Sería un crimen de lesa libertad el imponerle a los pueblos de América Latina el destino cruel impuesto por la dictadura castrista al valeroso pueblo cubano. Cuba aún padece la gélida noche de los cuchillos largos, desencadenada implacablemente por Fidel Castro desde 1959.
Contrariamente a lo que deliran los izquierdistas, los cubanos no celebran la Revolución de Fidel Castro esparciendo al aire toneladas de serpentinas y confetis sino con la estampida rauda hacia Mami, cuando pueden o lo permite el capricho maquiavélico de los detentadores del poder.
Parias en su propia tierra, los cubanos celebraron jubilosamente el advenimiento de Fidel Castro al poder. Confiaron en que la Revolución era el augurio de una nueva época que los pondría en la ruta de su verdadero destino. Pronto se hizo evidente que la tan cacareada revolución socialista era la antítesis de la libertad. La historia de la Revolución se convirtió en sinónimo de represión, encarcelamientos y asesinatos. La condición de los cubanos degradó a un estado de marginación, privación de función social, carencia de sentido y alienación de la condición humana. La fantasiosa promesa comunista de emancipación e igualdad social devino plétora de negaciones de las oportunidades mínimas de vida, ruptura violenta de las tradiciones democráticas nacionalistas y liberadoras, y destrucción de los valores morales, cívicos, familiares, religiosos y socioculturales.

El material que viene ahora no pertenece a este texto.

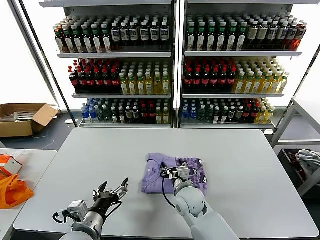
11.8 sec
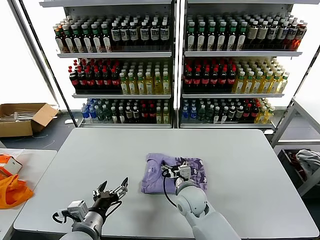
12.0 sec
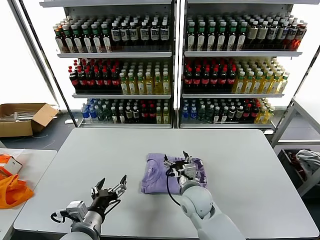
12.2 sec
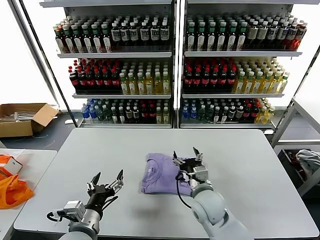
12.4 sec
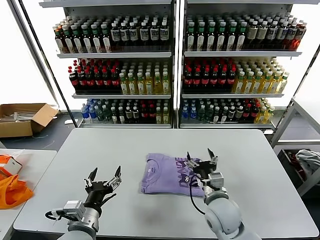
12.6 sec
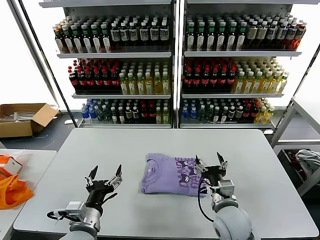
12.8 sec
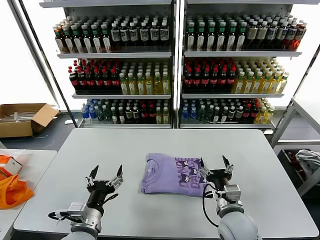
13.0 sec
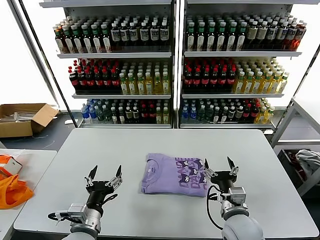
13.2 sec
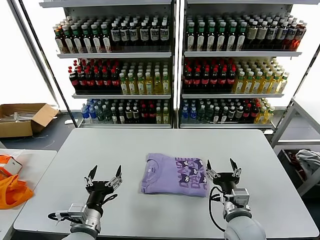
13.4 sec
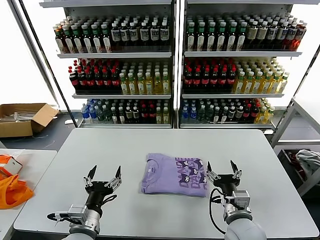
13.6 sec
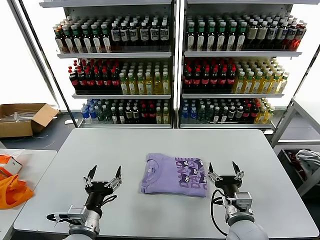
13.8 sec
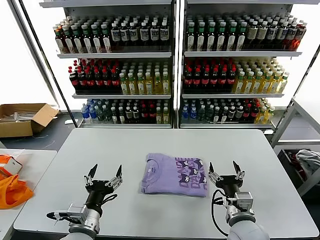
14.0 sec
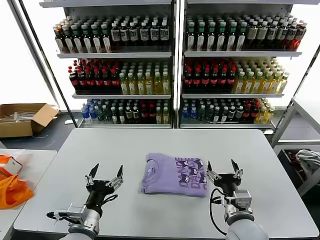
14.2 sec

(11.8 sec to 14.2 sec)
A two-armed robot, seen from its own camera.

Los cubanos dejaron de ser partícipes y protagonistas de su propia historia. Sus vidas fueron consideradas un material meta histórico. Fueron relegados a un segundo plano por la entelequia de Partido Comunista, "rector y guía de la sociedad". Ernesto Che Guevara, una de las figuras prominentes del movimiento comunista cubano, latinoamericano y mundial, proclamó a bombo y platillo la consigna de la creación del Hombre Nuevo, lo que en rigor implicó una condena axiológica implacable sobre la ineptitud y mediocridad del pueblo cubano, considerándolo muy por debajo de los "sublimes, enaltecidos y enaltecedores valores" que supuestamente caracterizan al genuino revolucionario comunista, y de ahí la necesidad apremiante de crear un hombre nuevo, a la altura de las exigencias de los estándares comunistas.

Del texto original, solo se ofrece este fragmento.